Japonya’nın tamamı deprem fayı üzerindedir.

Türkiye’nin tamamı olmasa da yarısı diyebiliriz.

Kuzey Anadolu ve Doğu Anadolu Fay Hattı olmak üzere çok sayıda fay hattı bulunuyor ülkemizde.

Yılda bir, iki yılda bir 5, 10, 20 senede muhakkak ülkemizde deprem felaketi yaşanır.

Ve her felakette de binlerce insanımızı kaybederiz.

1920’li senelerde Türkiye-Irak sınırındaki Hakkâri ilimizde meydana gelen ilk depremde o günkü ilkel kayıtlarda 3 binin üzerinde vatandaşımızı kaybettiğimiz belirlenmiş.

Ardından 1939 Erzincan depreminde 32 bin insanımızı kaybettik. Erzincan 10 kez yerle bir olmuş.

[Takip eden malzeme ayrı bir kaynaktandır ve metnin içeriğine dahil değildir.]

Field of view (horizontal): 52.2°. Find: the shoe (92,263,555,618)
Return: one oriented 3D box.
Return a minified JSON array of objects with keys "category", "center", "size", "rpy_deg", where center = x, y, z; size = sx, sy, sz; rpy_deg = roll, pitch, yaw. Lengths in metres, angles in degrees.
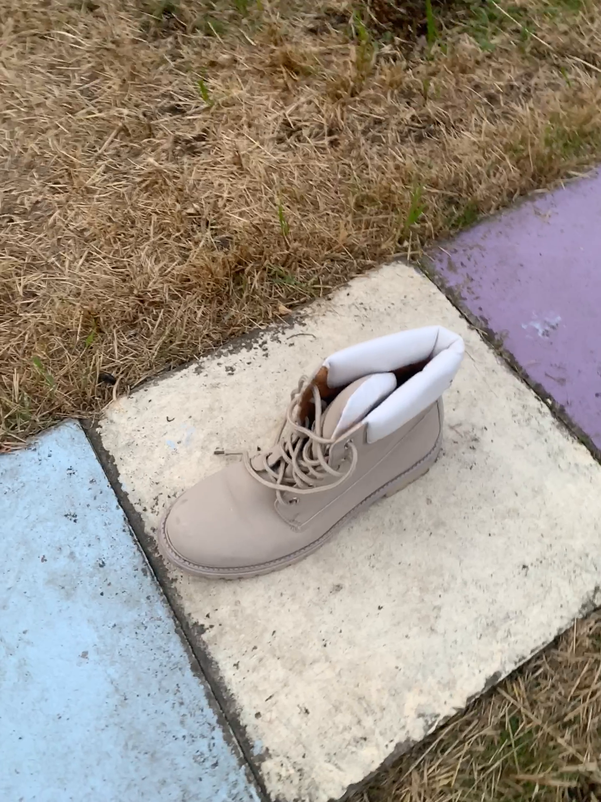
[{"category":"shoe","center":[0.016,0.040,0.477],"size":[0.280,0.199,0.100],"rpy_deg":[-23,65,-14]}]
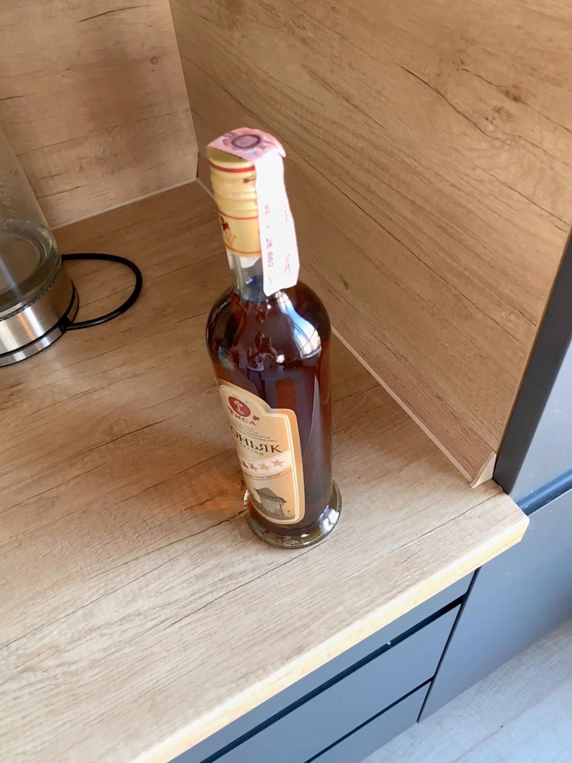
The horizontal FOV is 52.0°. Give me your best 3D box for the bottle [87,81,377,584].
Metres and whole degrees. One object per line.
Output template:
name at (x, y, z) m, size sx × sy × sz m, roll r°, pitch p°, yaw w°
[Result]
bottle at (-0.009, 0.003, 0.317) m, size 0.080 × 0.279 × 0.070 m, roll 25°, pitch 56°, yaw 25°
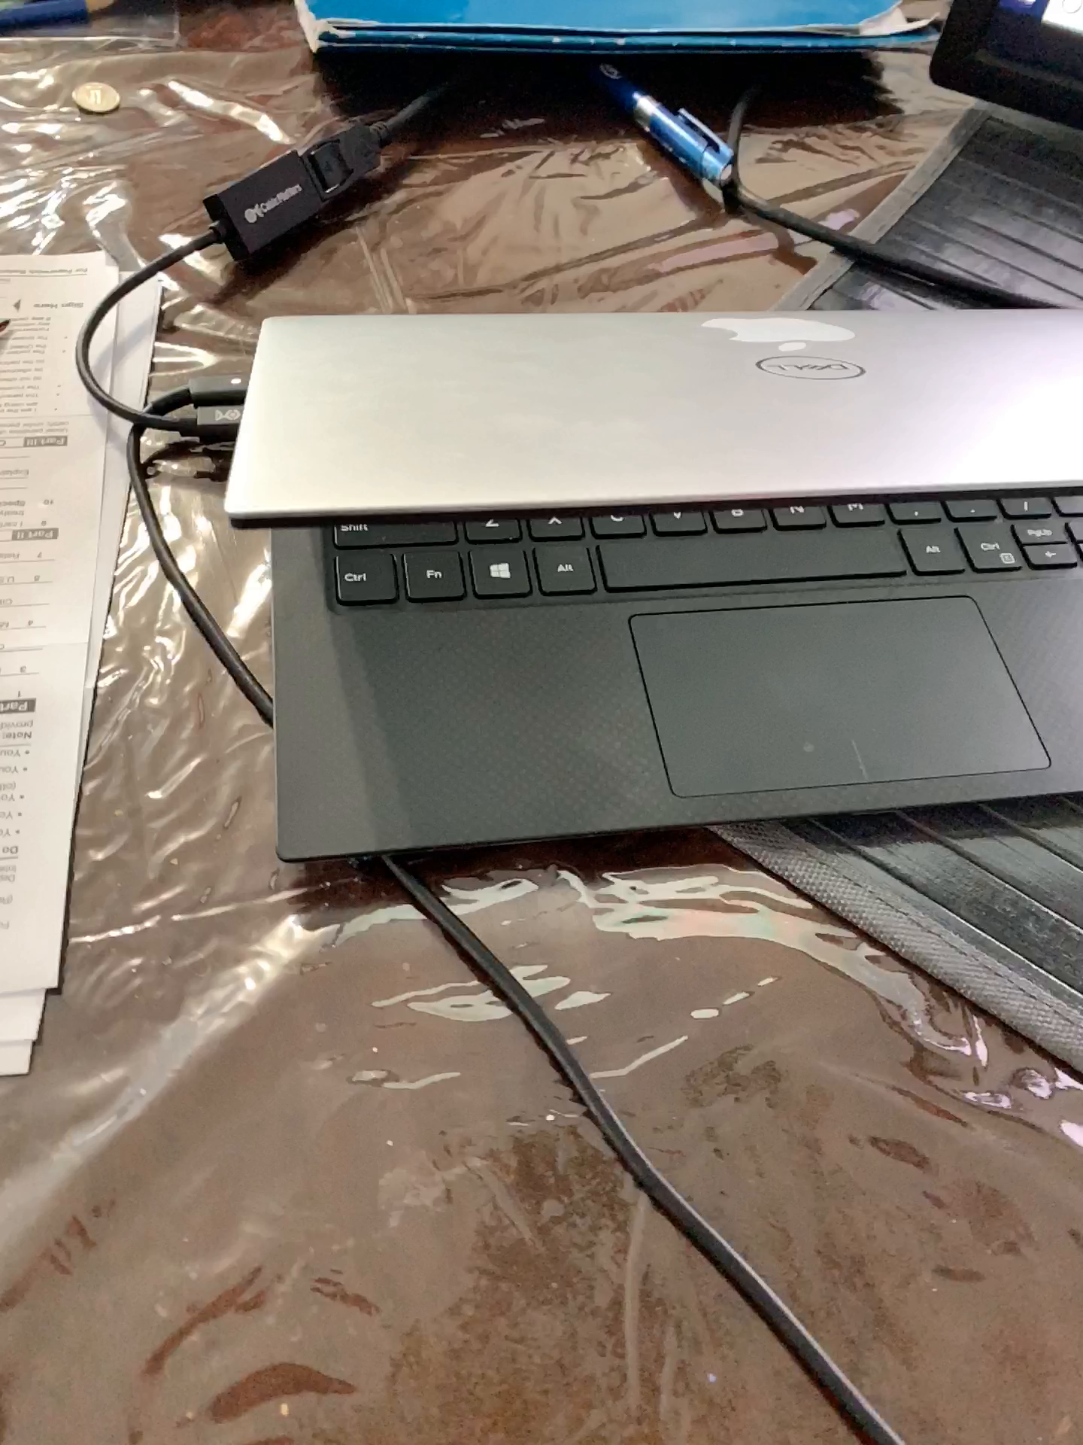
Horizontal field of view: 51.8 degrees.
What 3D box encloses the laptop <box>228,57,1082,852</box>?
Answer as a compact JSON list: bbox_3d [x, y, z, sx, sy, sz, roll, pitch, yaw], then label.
[{"bbox_3d":[0.074,-0.079,0.292,0.290,0.085,0.185,-3,55,-9],"label":"laptop"}]
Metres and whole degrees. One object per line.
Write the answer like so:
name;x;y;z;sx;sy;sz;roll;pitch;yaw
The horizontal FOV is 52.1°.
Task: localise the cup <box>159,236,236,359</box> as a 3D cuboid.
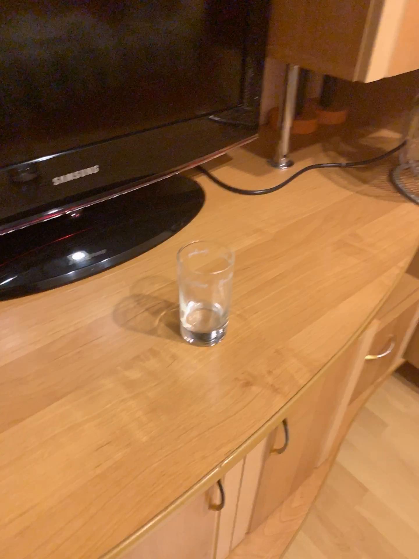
cup;-0.011;0.019;0.425;0.060;0.099;0.061;1;38;-1
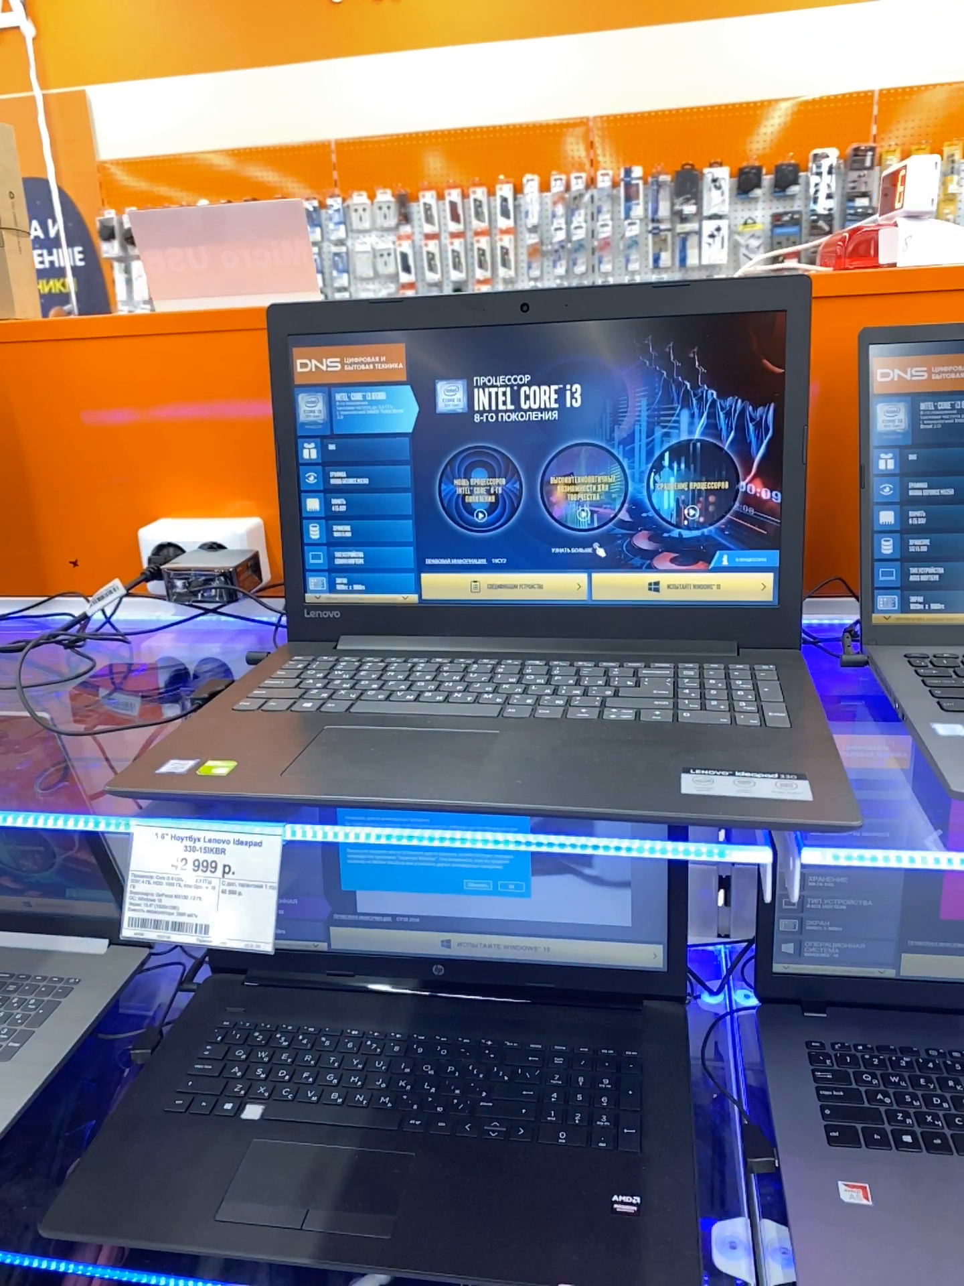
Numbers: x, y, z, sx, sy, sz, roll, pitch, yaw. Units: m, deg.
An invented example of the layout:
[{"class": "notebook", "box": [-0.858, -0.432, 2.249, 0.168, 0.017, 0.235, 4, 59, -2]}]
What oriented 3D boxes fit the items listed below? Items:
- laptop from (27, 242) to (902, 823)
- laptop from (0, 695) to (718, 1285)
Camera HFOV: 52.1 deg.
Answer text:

1989 yılı yine Erzincan Depremi, 1998 Marmara depreminde 18 bin insanımız enkaz altında kaldı.

Hatay, İzmir, Ceyhan, Çorum, Afyon, Erzurum, Çanakkale, Van, Bingöl, Bitlis, Varto, Manyas, Malatya kısacası faylar üzerinde bulunan bütün şehirlerimizde deprem yaşadık.

Sarsıldık

Dünya sarsıldı.

Dünyamız yıkıldı.

Ve bugün gelinen noktada asrın felaketini yaşadık.

Dünyanın en büyük depremi

Eşi ve benzeri yok.

Deprem ülkesi olmamıza rağmen ve her yıl bu felaketi yaşamamıza rağmen, yüzlerce binlerce insanımızı kaybetmemize rağmen maalesef ders alamıyoruz.

Şu fotoğraflara bir bakın

Irak’taki deprem sonrası çekilen bir fotoğraf.

Fotoğraftaki özellik binayı yapan Iraklı bir müteahhit, merdiveni yapan bir Japon şirketi.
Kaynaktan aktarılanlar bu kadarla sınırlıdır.